Tan Bingyu intervino y miró a su padre. —Papá, por favor, ayuda a mis abuelos en la cocina. Mamá, tú también puedes ir.

—De acuerdo. Te llamaremos cuando se sirva el almuerzo —dijo Shuyi Xue mientras sacaba de allí a su marido, que podría volver a decir algo indebido y hacer reaccionar mal a la anciana.

Después de que la pareja se marchara, Tan Bingyu observó a los dos ancianos frente a ella y se dio cuenta de que no mentían en absoluto. Decidió ser sincera con ellos.

Tan Bingyu dijo: —Quien me salvó es el Doctor Divino.

Los dos ancianos se quedaron atónitos cuando se mencionó a un ser legendario como el Doctor Divino. Sin embargo, si realmente era esa persona, entonces la posibilidad de ayudar a alguien a despertar un físico especial como lo hizo Tan Bingyu no era difícil. Por supuesto, también se sintieron un poco descorazonados. Después de todo, ¿quién podría conocer la identidad del Doctor Divino, que se había mantenido oculta a lo largo de la historia? Parecían un poco entristecidos por el hecho de que la forma de salvar a su hijo se había vuelto inalcanzable una vez más.

La Gran Anciana parecía perdida mientras respondía: —Ya veo. Si es el Doctor Divino, entonces… no es de extrañar que despertaras. Pero supongo que encontrar al Doctor Divino que apareció en el Reino Mortal es difícil. Aun así, gracias por la información.

—No hay necesidad de que la Gran Anciana esté triste. Hay una forma de encontrar al Doctor Divino —dijo Tan Bingyu.

Como era de esperar, las expresiones de desesperación de los dos ancianos ante ella cambiaron al oír las siguientes palabras de Tan Bingyu.

La Gran Anciana dijo: —¿Qué… quieres decir? Tienes una forma de encontrar al Doctor Divino.

—Yo no la tengo, pero mi Señora puede encontrar al Doctor Divino. Los dos tienen algún tipo de conexión. Para encontrar al Doctor Divino, deben preguntarle a mi Señora. Es solo que la Señora se separó de nosotros cuando entramos en este reino, pero definitivamente está en el Reino de Cultivación.
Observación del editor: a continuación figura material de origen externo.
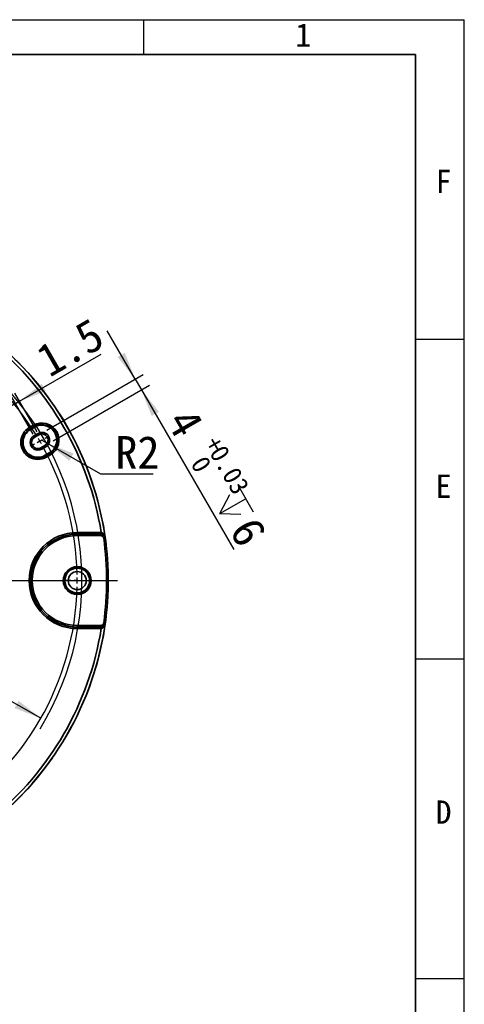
# Model space of a CAD drawing. Header units: millimetres. Extents: x 0 to 298, y 0 to 209.
# Tile 41 of 41: x 249 to 297, y 103 to 209. Entities that reach past the tile are written whole.
import ezdxf

# ---------------------------------------------------------------- set-up
doc = ezdxf.new("R2010")
doc.units = ezdxf.units.MM
doc.linetypes.add('CENTERX2', pattern=[20.32, 12.7, -2.54, 2.54, -2.54])
doc.layers.add('图层0', color=7, linetype='Continuous')
doc.layers.add('细实线', color=7, linetype='Continuous')
doc.layers.add('粗实线', color=7, linetype='Continuous', lineweight=50)
doc.styles.add('SLDTEXTSTYLE0', font='SIMSUN.TTC')
doc.styles.add('SLDTEXTSTYLE3', font='仿宋_GB2312')
doc.dimstyles.new('SLDDIMSTYLE2', dxfattribs={"dimtxt": 3.5, "dimasz": 3, "dimexe": 0, "dimexo": 0.0625, "dimgap": 0.875, "dimtad": 2, "dimdec": 4, "dimlfac": 3, "dimzin": 12, "dimdsep": 46, "dimtxsty": 'SLDTEXTSTYLE0', "dimsah": 1, "dimcen": 0.09, "dimadec": 1, "dimazin": 3, "dimtfac": 1, "dimtdec": 1, "dimtofl": 0, "dimtmove": 0, "dimatfit": 3, "dimfxl": 0, "dimfrac": 2, "dimtolj": 1, "dimtzin": 12, "dimarcsym": 0})
doc.dimstyles.new('SLDDIMSTYLE3', dxfattribs={"dimtxt": 3.5, "dimasz": 3, "dimexe": 0, "dimexo": 0.0625, "dimgap": 0.875, "dimtad": 0, "dimtih": 1, "dimtoh": 1, "dimlfac": 3, "dimrnd": 1e-09, "dimzin": 12, "dimdsep": 46, "dimtxsty": 'SLDTEXTSTYLE0', "dimsah": 1, "dimcen": 0, "dimadec": 0, "dimazin": 3, "dimtfac": 1, "dimtmove": 0, "dimatfit": 3, "dimfxl": 0, "dimfrac": 2, "dimtolj": 1, "dimtzin": 12, "dimarcsym": 0})
doc.dimstyles.new('SLDDIMSTYLE4', dxfattribs={"dimtxt": 3.5, "dimasz": 3, "dimexe": 0, "dimexo": 0.0625, "dimgap": 0.875, "dimtad": 2, "dimlfac": 3, "dimrnd": 1e-09, "dimzin": 12, "dimdsep": 46, "dimtxsty": 'SLDTEXTSTYLE0', "dimsah": 1, "dimcen": 0.09, "dimadec": 0, "dimazin": 3, "dimtfac": 1, "dimtmove": 0, "dimatfit": 0, "dimfxl": 0, "dimfrac": 2, "dimtolj": 1, "dimtzin": 12, "dimarcsym": 0})
doc.dimstyles.new('SLDDIMSTYLE5', dxfattribs={"dimtxt": 3.5, "dimasz": 3, "dimexe": 0, "dimexo": 0.0625, "dimgap": 0.875, "dimtad": 2, "dimlfac": 3, "dimrnd": 1e-09, "dimzin": 12, "dimdsep": 46, "dimtxsty": 'SLDTEXTSTYLE0', "dimsah": 1, "dimcen": 0.09, "dimadec": 0, "dimazin": 3, "dimtol": 1, "dimtp": 0.03, "dimtfac": 1, "dimtmove": 0, "dimatfit": 0, "dimfxl": 0, "dimfrac": 2, "dimtolj": 1, "dimarcsym": 0})
doc.dimstyles.new('SLDDIMSTYLE7', dxfattribs={"dimtxt": 3.5, "dimasz": 3, "dimexe": 0, "dimexo": 0.0625, "dimgap": 0.875, "dimtad": 0, "dimtih": 1, "dimtoh": 1, "dimlfac": 3, "dimrnd": 1e-09, "dimzin": 12, "dimdsep": 46, "dimtxsty": 'SLDTEXTSTYLE0', "dimsah": 1, "dimcen": 0, "dimadec": 0, "dimazin": 3, "dimtfac": 1, "dimtofl": 0, "dimtmove": 0, "dimatfit": 3, "dimfxl": 0, "dimfrac": 2, "dimtolj": 1, "dimtzin": 12, "dimarcsym": 0})

# ---------------------------------------------------------------- blocks, each defined once
blk = doc.blocks.new('_D_17')
at = {"layer": '图层0'}
for p, q in [((190.94, 148.39), (185.95, 148.39)), ((197.74, 132.3), (191.26, 128.56))]:
    blk.add_line(p, q, dxfattribs=at)
blk.add_arc((225.59, 148.39), 38.65, 180, 210, dxfattribs=at)
for points in [[(186.95, 148.39), (186.61, 145.37), (187.51, 145.41)], [(192.12, 129.06), (191.12, 131.93), (190.33, 131.51)]]:
    blk.add_solid(points, dxfattribs=at)
at = {"layer": '图层0', "insert": (191.14, 143.37), "char_height": 3.5, "attachment_point": 1, "rotation": 285, "style": 'SLDTEXTSTYLE0'}
blk.add_mtext('30°', dxfattribs=at)
blk = doc.blocks.new('_D_18')
at = {"layer": '图层0'}
for p, q in [((194.43, 166.09), (174.71, 166.09)), ((199.51, 163.21), (194.43, 166.09)), ((251.68, 133.57), (199.51, 163.21))]:
    blk.add_line(p, q, dxfattribs=at)
blk.add_arc((225.59, 148.39), 30.51, 328.4879, 120.0181, dxfattribs=at)
for points in [[(199.51, 163.21), (201.9, 161.33), (202.34, 162.11)], [(251.68, 133.57), (249.29, 135.44), (248.85, 134.66)]]:
    blk.add_solid(points, dxfattribs=at)
at = {"layer": '图层0', "char_height": 3.5, "attachment_point": 1, "style": 'SLDTEXTSTYLE0'}
for s, insert in [('PCD ', (174.71, 170.17)), ('%%c', (182.86, 170.17)), ('180', (186.73, 170.17))]:
    blk.add_mtext(s, dxfattribs=dict(at, insert=insert))
blk = doc.blocks.new('_D_19')
at = {"layer": '图层0'}
for p, q in [((249.38, 167.68), (258.18, 172.76)), ((251.29, 164.38), (248.88, 168.55)), ((250.86, 164.13), (248.45, 168.3)), ((248.95, 167.43), (249.38, 167.68)), ((248.95, 167.43), (243.76, 164.43))]:
    blk.add_line(p, q, dxfattribs=at)
for points in [[(249.38, 167.68), (252.21, 168.79), (251.76, 169.57)], [(248.95, 167.43), (246.13, 166.32), (246.58, 165.54)]]:
    blk.add_solid(points, dxfattribs=at)
at = {"layer": '图层0', "insert": (250.85, 173.23), "char_height": 3.5, "attachment_point": 1, "rotation": 30, "style": 'SLDTEXTSTYLE0'}
blk.add_mtext('1.5', dxfattribs=at)
blk = doc.blocks.new('SW_SYMBOL_HOLE_DEPTH')
at = {"layer": '图层0', "color": 0}
for p, q in [((0, 875), (800, 875)), ((400, 875), (400, 75)), ((100, 555), (400, 75)), ((700, 555), (400, 75))]:
    blk.add_line(p, q, dxfattribs=at)
blk = doc.blocks.new('_D_20')
at = {"layer": '图层0'}
for p, q in [((261.83, 170.08), (258.83, 175.27)), ((252.32, 164.59), (262.7, 170.58)), ((261.83, 170.08), (262.5, 168.92)), ((252.99, 163.43), (263.37, 169.42)), ((262.5, 168.92), (272.43, 151.73))]:
    blk.add_line(p, q, dxfattribs=at)
for points in [[(261.83, 170.08), (260.72, 172.9), (259.94, 172.45)], [(262.5, 168.92), (263.61, 166.1), (264.39, 166.55)]]:
    blk.add_solid(points, dxfattribs=at)
at = {"layer": '图层0', "xscale": 0.004072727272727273, "yscale": 0.004072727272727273, "zscale": 0.004072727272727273, "rotation": 300.000000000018}
blk.add_blockref('SW_SYMBOL_HOLE_DEPTH', (269.82, 156.82), dxfattribs=at)
at = {"layer": '图层0', "attachment_point": 1, "rotation": 300, "style": 'SLDTEXTSTYLE0'}
for s, insert, char_height in [('4', (268.15, 167.28), 3.5), ('+', (270.91, 164.16), 2), ('0.03', (271.49, 163.16), 2), ('0', (269.47, 161.99), 2), ('6', (274.93, 155.53), 3.5)]:
    blk.add_mtext(s, dxfattribs=dict(at, insert=insert, char_height=char_height))
blk = doc.blocks.new('_D_22')
at = {"layer": '图层0'}
for p, q in [((251.79, 163.51), (252.37, 163.18)), ((252.37, 163.18), (258.1, 159.87)), ((258.1, 159.87), (263.76, 159.87))]:
    blk.add_line(p, q, dxfattribs=at)
blk.add_solid([(252.37, 163.18), (254.74, 161.29), (255.19, 162.07)], dxfattribs=at)
at = {"layer": '图层0', "insert": (259.69, 163.94), "char_height": 3.5, "attachment_point": 1, "style": 'SLDTEXTSTYLE0'}
blk.add_mtext('R2', dxfattribs=at)
blk = doc.blocks.new('SW_CENTERMARKSYMBOL_0')
at = {"layer": '图层0', "color": 0}
for p, q in [((-0.33, 0.58), (-0.65, 1.13)), ((30.33, 0.58), (30.92, 1.59)), ((0, 0), (-0.17, 0.29)), ((0, 0), (0.17, -0.29)), ((15, -25.31), (15, 0.33)), ((30, 0), (29.83, -0.29)), ((30, 0), (30.17, 0.29)), ((0.33, -0.58), (0.65, -1.13)), ((29.67, -0.58), (29.08, -1.59)), ((41.56, -10.65), (41.85, -10.48)), ((40.4, -11.31), (40.11, -11.48)), ((40.98, -10.98), (40.69, -11.15)), ((40.98, -10.98), (41.27, -10.81)), ((14.33, -25.98), (-19.05, -25.98)), ((-15.67, -25.98), (-16.31, -25.98)), ((-15, -25.98), (-15.33, -25.98)), ((-15, -25.98), (-14.67, -25.98)), ((-14.33, -25.98), (-13.69, -25.98)), ((15, -25.98), (14.67, -25.98)), ((15, -25.98), (15, -25.65)), ((15, -25.98), (15, -26.31)), ((15, -25.98), (15.33, -25.98)), ((15.67, -25.98), (49.33, -25.98)), ((44.33, -25.98), (43.69, -25.98)), ((45, -25.98), (44.67, -25.98)), ((45, -25.98), (45.33, -25.98)), ((45.67, -25.98), (46.31, -25.98)), ((15, -26.65), (15, -61.21)), ((-11.56, -41.31), (-11.99, -41.56)), ((-10.98, -40.98), (-11.27, -41.15)), ((-10.98, -40.98), (-10.69, -40.81)), ((-10.4, -40.65), (-9.97, -40.4)), ((0.33, -51.38), (0.65, -50.83)), ((29.67, -51.38), (29.35, -50.83)), ((0, -51.96), (0.17, -51.67)), ((30, -51.96), (29.83, -51.67)), ((-0.33, -52.54), (-0.65, -53.09)), ((0, -51.96), (-0.17, -52.25)), ((30, -51.96), (30.17, -52.25)), ((30.33, -52.54), (30.65, -53.09))]:
    blk.add_line(p, q, dxfattribs=at)
for start, end in [(61.2732, 118.7268), (119.3634, 120), (60, 60.6366), (59.3634, 60), (121.2732, 178.7268), (120, 120.6366), (31.2732, 58.7268), (30, 30.6366), (29.3634, 30), (1.2732, 28.7268), (179.3634, 180), (180, 180.6366), (0, 0.6366), (359.3634, 0), (181.2732, 208.7268), (301.2732, 358.7268), (209.3634, 210), (210, 210.6366), (211.2732, 238.7268), (239.3634, 240), (300, 300.6366), (240, 240.6366), (241.2732, 298.7268), (299.3634, 300)]:
    blk.add_arc((15, -25.98), 30, start, end, dxfattribs=at)
blk = doc.blocks.new('SW_CENTERMARKSYMBOL_1')
at = {"layer": '图层0', "color": 0}
for p, q in [((0, 0.67), (0, 33.65)), ((-0.67, 0), (-33.65, 0)), ((0, 0), (-0.33, 0)), ((0, 0), (0, 0.33)), ((0, 0), (0, -0.33)), ((0, 0), (0.33, 0)), ((0.67, 0), (33.65, 0)), ((0, -0.67), (0, -33.65))]:
    blk.add_line(p, q, dxfattribs=at)

msp = doc.modelspace()

# ---------------------------------------------------------------- linework, layer by layer
at = {"color": 7, "linetype": 'Continuous', "lineweight": 35}
for p, q in [((250.43961625, 164.85376648), (250.87262895, 165.10376648)), ((250.52289882, 164.70951684), (250.43961625, 164.85376648)), ((250.95591152, 164.95951684), (250.52289882, 164.70951684)), ((250.52289882, 164.70951684), (250.52474712, 164.70631548)), ((250.52474712, 164.70631548), (250.95775983, 164.95631548)), ((250.52474712, 164.70631548), (250.56047097, 164.64443996)), ((250.99348367, 164.89443996), (250.56047097, 164.64443996)), ((250.87262895, 165.10376648), (250.95591152, 164.95951684)), ((250.95591152, 164.95951684), (250.95775983, 164.95631548)), ((250.95775983, 164.95631548), (250.99348367, 164.89443996)), ((250.94257711, 163.98261272), (251.37558981, 164.23261272)), ((250.94257711, 163.98261272), (251.02591044, 163.83827515)), ((251.45892314, 164.08827515), (251.02591044, 163.83827515)), ((251.37558981, 164.23261272), (251.45892314, 164.08827515)), ((251.69257711, 162.68357461), (252.12558981, 162.93357461)), ((251.69257711, 162.68357461), (251.77591044, 162.53923705)), ((252.20892314, 162.78923705), (251.77591044, 162.53923705)), ((252.12558981, 162.93357461), (252.20892314, 162.78923705)), ((252.15801658, 161.87740981), (252.59102928, 162.12740981)), ((252.15801658, 161.87740981), (252.19374042, 161.81553429)), ((252.62675313, 162.06553429), (252.19374042, 161.81553429)), ((252.19558873, 161.81233292), (252.19374042, 161.81553429)), ((252.19558873, 161.81233292), (252.62860143, 162.06233292)), ((252.19558873, 161.81233292), (252.2788713, 161.66808328)), ((252.711884, 161.91808328), (252.2788713, 161.66808328)), ((252.59102928, 162.12740981), (252.62675313, 162.06553429)), ((252.62860143, 162.06233292), (252.62675313, 162.06553429)), ((252.711884, 161.91808328), (252.62860143, 162.06233292)), ((255.59498801, 153.55851327), (255.59498801, 153.39194813)), ((255.59498801, 153.55851327), (258.11418377, 153.55851327)), ((255.59498801, 153.39194813), (255.59498801, 153.39154189)), ((258.11418377, 153.39194813), (255.59498801, 153.39194813)), ((255.59498801, 153.22497675), (255.59498801, 153.39154189)), ((255.59498801, 153.39154189), (258.11444506, 153.39154189)), ((258.11444506, 153.22497675), (255.59498801, 153.22497675)), ((258.11418377, 153.55851327), (258.11418377, 153.39194813)), ((258.11444506, 153.39154189), (258.11418377, 153.39194813)), ((258.11444506, 153.22497675), (258.11444506, 153.39154189)), ((258.17569557, 153.55566934), (258.16032592, 153.38980228)), ((258.44496647, 152.93697335), (258.6100312, 152.95984148)), ((255.59498801, 143.38030787), (255.59498801, 143.54687301)), ((255.59498801, 143.54687301), (258.11444506, 143.54687301)), ((258.11444506, 143.38030787), (255.59498801, 143.38030787)), ((255.59498801, 143.37990164), (255.59498801, 143.38030787)), ((255.59498801, 143.37990164), (258.11418377, 143.37990164)), ((255.59498801, 143.2133365), (255.59498801, 143.37990164)), ((258.11418377, 143.2133365), (255.59498801, 143.2133365)), ((258.11418377, 143.37990164), (258.11444506, 143.38030787)), ((258.11418377, 143.2133365), (258.11418377, 143.37990164)), ((258.11444506, 143.38030787), (258.11444506, 143.54687301)), ((258.17569557, 143.21618043), (258.16032592, 143.38204749)), ((258.6100312, 143.81200829), (258.44496647, 143.83487642)), ((258.52904362, 143.60031367), (258.5354364, 143.61024965))]:
    msp.add_line(p, q, dxfattribs=at)
at = {"color": 7, "linetype": 'Continuous', "lineweight": 35, "flags": 128}
msp.add_lwpolyline([(258.5354364, 153.16160012), (258.53254757, 153.16609119), (258.52904347, 153.1715361)], dxfattribs=at)
at = {"color": 7, "linetype": 'Continuous', "lineweight": 35}
for radius in [1.5, 1.4, 1.33333333, 0.9725]:
    msp.add_circle((255.59498801, 148.38592488), radius, dxfattribs=at)
for centre, radius, start, end in [((225.59498801, 148.38592488), 33.32159508, 7.9206460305, 52.0793539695), ((225.59498801, 148.38592488), 32.98831251, 9.0162408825, 50.9837591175), ((251.79225648, 163.51092488), 1.83925505, 300, 120), ((251.35924377, 163.26092488), 1.83925505, 120, 300), ((251.35924377, 163.26092488), 1.67268991, 120, 300), ((251.35924377, 163.26092488), 1.6689933, 120, 300), ((251.35924377, 163.26092488), 1.5975456, 120, 300), ((251.79225648, 163.51092488), 1.67268991, 300, 120), ((251.79225648, 163.51092488), 1.6689933, 300, 120), ((251.79225648, 163.51092488), 1.5975456, 300, 120), ((251.79225648, 163.51092488), 0.83333333, 300, 120), ((251.35924377, 163.26092488), 0.83333333, 120, 300), ((251.35924377, 163.26092488), 0.66666667, 120, 300), ((251.79225648, 163.51092488), 0.66666667, 300, 120), ((255.59498801, 148.38592488), 5.17258839, 90, 270), ((255.59498801, 148.38592488), 5.00602325, 90, 270), ((255.59498801, 148.38592488), 5.00561701, 90, 270), ((255.59498801, 148.38592488), 4.83905187, 90, 270), ((225.59498801, 148.38592488), 33.1637321, 352.1124284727, 7.8875715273), ((225.59498801, 148.38592488), 33.33037338, 352.1124284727, 7.8875715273), ((225.59498801, 148.38592488), 33.32159508, 307.9206460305, 352.0793539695), ((225.59498801, 148.38592488), 32.98831251, 309.0162408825, 350.9837591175)]:
    msp.add_arc(centre, radius, start, end, dxfattribs=at)
for points in [[(258.11418377, 153.55851327), (258.13470961, 153.55851327), (258.15525729, 153.5575632), (258.17569557, 153.55566934)], [(258.16032592, 153.38980228), (258.14499472, 153.39122721), (258.12958117, 153.39194411), (258.11418377, 153.39194813)], [(258.11418377, 143.37990164), (258.12958117, 143.37990565), (258.14499472, 143.38062256), (258.16032592, 143.38204749)], [(258.17569557, 143.21618043), (258.15525729, 143.21428657), (258.13470961, 143.2133365), (258.11418377, 143.2133365)]]:
    msp.add_open_spline(points, degree=3, dxfattribs=at)
for points, knots in [([(258.11444506, 153.39154189), (258.17474756, 153.39155763), (258.23362149, 153.38086741), (258.34618746, 153.33872442), (258.39786221, 153.30789411), (258.53341982, 153.18982648), (258.59350771, 153.07930225), (258.6100312, 152.95984148)], [0, 0, 0, 0, 0.25, 0.25, 0.5, 0.5, 1, 1, 1, 1]), ([(258.44496647, 152.93697335), (258.4339284, 153.01664738), (258.39385027, 153.09036064), (258.30345352, 153.16912733), (258.26899406, 153.18970099), (258.19392709, 153.21783323), (258.15466315, 153.22497675), (258.11444506, 153.22497675)], [0, 0, 0, 0, 0.5, 0.5, 0.75, 0.75, 1, 1, 1, 1]), ([(258.522038, 153.16784235), (258.51474541, 153.1837085), (258.48869681, 153.24038127), (258.40301071, 153.30874701), (258.31025178, 153.35476664), (258.23488895, 153.37886353), (258.1939551, 153.38486872), (258.16032592, 153.38980228)], [0, 0, 0, 0, 0.14806702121, 0.52888482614, 0.76765958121, 0.80912089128, 1, 1, 1, 1]), ([(258.11444506, 143.54687301), (258.19488221, 143.54687301), (258.2733817, 143.5764964), (258.36377016, 143.65529057), (258.38885492, 143.68661041), (258.42699455, 143.75712704), (258.43944735, 143.7950388), (258.44496647, 143.83487642)], [0, 0, 0, 0, 0.5, 0.5, 0.75, 0.75, 1, 1, 1, 1]), ([(258.6100312, 143.81200829), (258.60176933, 143.75227701), (258.58310679, 143.69543289), (258.52592647, 143.58970671), (258.4883115, 143.54275231), (258.35276804, 143.424645), (258.23505168, 143.38027639), (258.11444506, 143.38030787)], [0, 0, 0, 0, 0.25, 0.25, 0.5, 0.5, 1, 1, 1, 1]), ([(258.16032592, 143.38204749), (258.1939551, 143.38698105), (258.23488895, 143.39298623), (258.31025178, 143.41708313), (258.40301071, 143.46310276), (258.48869681, 143.53146851), (258.51474542, 143.58814128), (258.52203802, 143.60400745)], [0, 0, 0, 0, 0.1908790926, 0.2323403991, 0.471115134, 0.8519329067, 1, 1, 1, 1]), ([(258.17569557, 143.21618043), (258.24526361, 143.23086889), (258.30599023, 143.2657102), (258.40663065, 143.35037205), (258.44683343, 143.39993662), (258.51289107, 143.50531976), (258.53842922, 143.5609505), (258.57743342, 143.67514608), (258.591057, 143.73479236), (258.59869081, 143.79416048)], [0, 0, 0, 0, 0.25, 0.25, 0.5, 0.5, 0.75, 0.75, 1, 1, 1, 1])]:
    msp.add_open_spline(points, degree=3, knots=knots, dxfattribs=at)
at = {"color": 8, "linetype": 'Continuous', "lineweight": 35}
msp.add_open_spline([(258.17569557, 153.55566934), (258.21305634, 153.54371445), (258.29036584, 153.51897655), (258.40181252, 153.42992667), (258.51206449, 153.28324748), (258.57012725, 153.13958848), (258.58603372, 153.04807623), (258.5880773, 153.03631922)], degree=3, knots=[0, 0, 0, 0, 0.1520913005, 0.3147178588, 0.5782842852, 0.9458202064, 1, 1, 1, 1], dxfattribs=at)
at = {"layer": '图层0'}
for p, q in [((262.74, 208.76134587), (262.74, 205)), ((292, 174.36012031), (297.24653265, 174.36012031)), ((292, 139.95512031), (297.24653265, 139.95512031)), ((292, 105.55012031), (297.24653265, 105.55012031))]:
    msp.add_line(p, q, dxfattribs=at)
at = {"layer": '图层0', "linetype": 'CENTERX2'}
msp.add_circle((225.59498801, 148.38592488), 33.33333333, dxfattribs=at)
at = {"layer": '粗实线', "lineweight": 35}
for p, q in [((25, 205), (292, 205)), ((292, 205), (292, 5))]:
    msp.add_line(p, q, dxfattribs=at)
at = {"layer": '细实线'}
for p in [(2.7533732, 208.76134587), (297.24653265, 2.33512031)]:
    msp.add_line(p, (297.24653265, 208.76134587), dxfattribs=at)

# ---------------------------------------------------------------- block references
at = {"layer": '图层0'}
for name, p in [('SW_CENTERMARKSYMBOL_1', (225.59498801, 148.38592488)), ('SW_CENTERMARKSYMBOL_0', (210.59498801, 174.366687))]:
    msp.add_blockref(name, p, dxfattribs=at)

# ---------------------------------------------------------------- texts
at = {"layer": '图层0', "char_height": 2.5, "attachment_point": 1, "style": 'SLDTEXTSTYLE3'}
for s, insert in [('1', (279.07003889, 208.36806658)), ('F', (294.16790967, 192.6059495)), ('E', (294.16790967, 159.78899895)), ('D', (294.16790967, 124.71455521))]:
    msp.add_mtext(s, dxfattribs=dict(at, insert=insert))

# ---------------------------------------------------------------- dimensions: what is measured, and where the dimension line sits
at = {"layer": '图层0'}
dim = msp.add_diameter_dim_2p(p1=(199.51091277, 163.20554089), p2=(251.67906326, 133.56630888), text='PCD <>', dimstyle='SLDDIMSTYLE3', dxfattribs=at)
dim.commit()
dim.dimension.update_dxf_attribs({"geometry": '_D_18', "text_midpoint": (183.77675313, 168.63017171), "dimtype": 163})
dim = msp.add_linear_dim(base=(249.38422393, 167.68175959), p1=(251.35924377, 163.26092488), p2=(251.79225648, 163.51092488), angle=30, dimstyle='SLDDIMSTYLE4', dxfattribs=at)
dim.commit()
dim.dimension.update_dxf_attribs({"geometry": '_D_19', "text_midpoint": (255.53689167, 171.23400396), "dimtype": 160})
dim = msp.add_linear_dim(base=(262.50071625, 168.92365666), p1=(251.45892314, 164.08827515), p2=(252.12558981, 162.93357461), angle=300, text='<>{\\fGDT;x}6', dimstyle='SLDDIMSTYLE5', dxfattribs=at)
dim.commit()
dim.dimension.update_dxf_attribs({"geometry": '_D_20', "text_midpoint": (268.5261715, 158.48726203), "dimtype": 160})
dim = msp.add_radius_dim(center=(251.79225648, 163.51092488), mpoint=(252.36960674, 163.17759155), dimstyle='SLDDIMSTYLE7', dxfattribs=at)
dim.commit()
dim.dimension.update_dxf_attribs({"geometry": '_D_22', "text_midpoint": (261.72732534, 161.90420945), "dimtype": 164})
dim = msp.add_angular_dim_2l(base=(188.26388389, 138.38308568), line1=((259.24991642, 148.38592488), (191.9400596, 148.38592488)), line2=((198.60386293, 132.80259155), (200.62458887, 133.96925822)), dimstyle='SLDDIMSTYLE2', dxfattribs=at)
dim.commit()
dim.dimension.update_dxf_attribs({"geometry": '_D_17', "text_midpoint": (188.26388389, 138.38308568), "dimtype": 162})

doc.saveas('drawing.dxf')

Una vez que la encuentren, encontrar al Doctor Divino no es imposible. Puedo jurar que mis palabras son ciertas —dijo Tan Bingyu.

La Gran Anciana frunció el ceño y dijo: —He oído que tu Señora es también la maestra del Clan Oculto Tan y que es una diosa. ¿Hay algo en este reino que pueda interesarle?

—¿Las Ruinas Antiguas?

Quien dijo estas palabras fue el marido de la Gran Anciana. Sabía que si había algo en este reino que pudiera interesar a un cultivador Huashen, solo podían ser las Ruinas Antiguas, que son una dimensión conectada a los otros reinos. La Gran Anciana se dio cuenta de que su marido podría tener razón en su suposición hasta que Tan Bingyu reveló la respuesta.

Tan Bingyu dijo: —Sí, está interesada en las ruinas antiguas; por eso vinimos a este reino. Encuéntrenla y podrán encontrar al Doctor Divino. Siempre y cuando estén dispuestos a darle información sobre ruinas antiguas, mi Señora definitivamente les dará lo que quieren. Es solo que no sé dónde está en este momento.

—De acuerdo. Movilizaré a parte de mi gente para que la busquen. Su identidad como nieta del Anciano Supremo de la Secta del Campo Estelar hace que sea más fácil encontrarla —dijo la Gran Anciana. Esto era una pequeña chispa de esperanza para la pareja de ancianos. Mientras hubiera una forma posible de despertar y tratar a su único hijo, estaban dispuestos a hacer cualquier cosa.